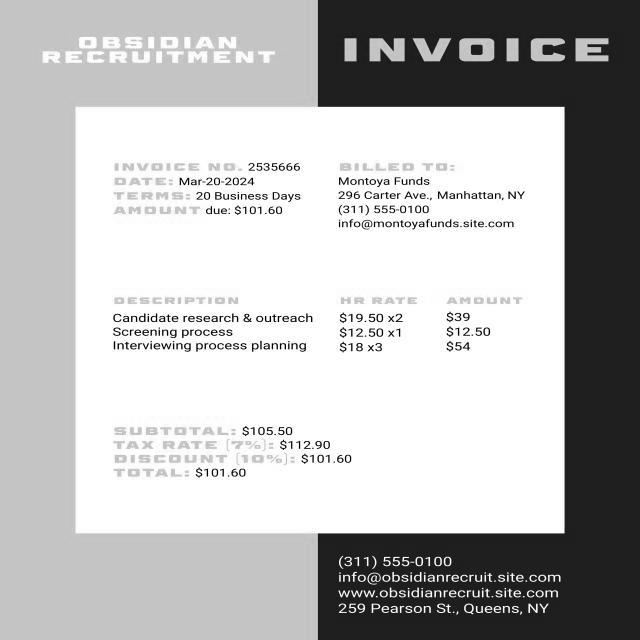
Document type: Invoice
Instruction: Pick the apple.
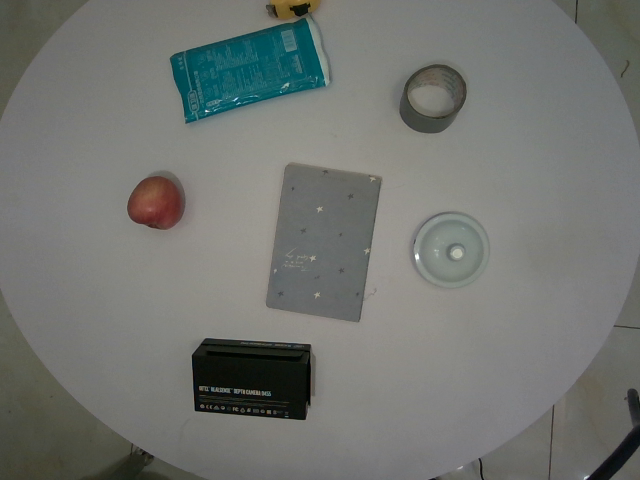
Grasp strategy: vertical
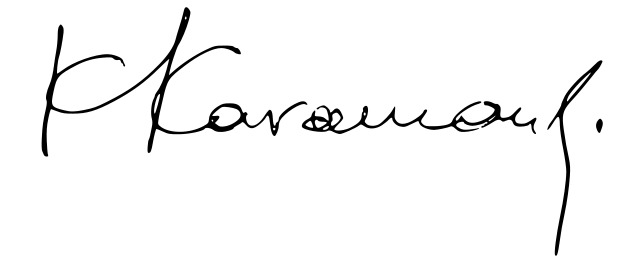
Signature of: kostas karamanlis
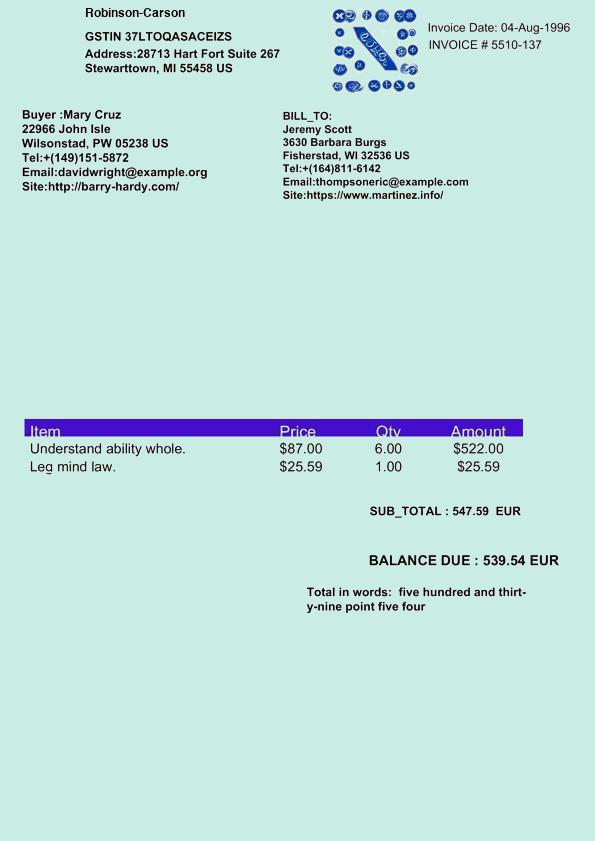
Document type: Invoice

========================================

Lines from the one that holds "Instruction: Pick the apple." through the final line of the material are to be duplicated exactly; no pictures belong in the copy.

_Expected answer_
Instruction: Pick the apple.
Grasp strategy: vertical
Signature of: kostas karamanlis
Document type: Invoice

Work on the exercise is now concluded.